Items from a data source
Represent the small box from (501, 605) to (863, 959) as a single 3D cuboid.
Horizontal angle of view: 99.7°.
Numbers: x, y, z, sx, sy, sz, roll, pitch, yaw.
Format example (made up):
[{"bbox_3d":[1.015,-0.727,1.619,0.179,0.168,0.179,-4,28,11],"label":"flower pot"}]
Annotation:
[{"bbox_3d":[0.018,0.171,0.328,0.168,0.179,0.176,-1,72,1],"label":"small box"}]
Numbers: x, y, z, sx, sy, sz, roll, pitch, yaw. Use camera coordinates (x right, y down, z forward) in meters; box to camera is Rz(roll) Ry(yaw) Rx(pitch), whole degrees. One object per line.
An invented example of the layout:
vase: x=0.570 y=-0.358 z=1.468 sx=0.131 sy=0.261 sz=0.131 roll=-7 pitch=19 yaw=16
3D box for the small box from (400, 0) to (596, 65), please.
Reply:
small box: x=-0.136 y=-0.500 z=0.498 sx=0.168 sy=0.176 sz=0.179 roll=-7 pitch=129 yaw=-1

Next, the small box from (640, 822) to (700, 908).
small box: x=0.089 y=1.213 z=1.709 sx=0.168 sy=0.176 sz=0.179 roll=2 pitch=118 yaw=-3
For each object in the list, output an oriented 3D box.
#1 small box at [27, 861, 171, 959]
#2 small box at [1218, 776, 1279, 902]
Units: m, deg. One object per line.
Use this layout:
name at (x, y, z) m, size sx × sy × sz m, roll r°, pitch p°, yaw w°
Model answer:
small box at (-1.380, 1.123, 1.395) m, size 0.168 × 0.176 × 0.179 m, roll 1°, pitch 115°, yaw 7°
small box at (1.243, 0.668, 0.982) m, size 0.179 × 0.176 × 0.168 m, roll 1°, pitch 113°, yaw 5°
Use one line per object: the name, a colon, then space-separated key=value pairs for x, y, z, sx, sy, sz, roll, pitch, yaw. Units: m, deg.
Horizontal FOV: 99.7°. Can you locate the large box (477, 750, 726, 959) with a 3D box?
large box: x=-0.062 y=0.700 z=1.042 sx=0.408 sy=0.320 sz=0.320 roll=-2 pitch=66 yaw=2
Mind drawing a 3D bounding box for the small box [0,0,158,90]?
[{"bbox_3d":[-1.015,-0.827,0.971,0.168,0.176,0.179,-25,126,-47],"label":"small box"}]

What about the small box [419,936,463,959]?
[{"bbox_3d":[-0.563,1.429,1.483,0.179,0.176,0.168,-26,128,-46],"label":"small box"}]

■ **TASK STATEMENT**:
Gather every line from the entries above where the word "layout" appears, and copy them.

■ **ANSWER SECTION**:
An invented example of the layout:
Use this layout:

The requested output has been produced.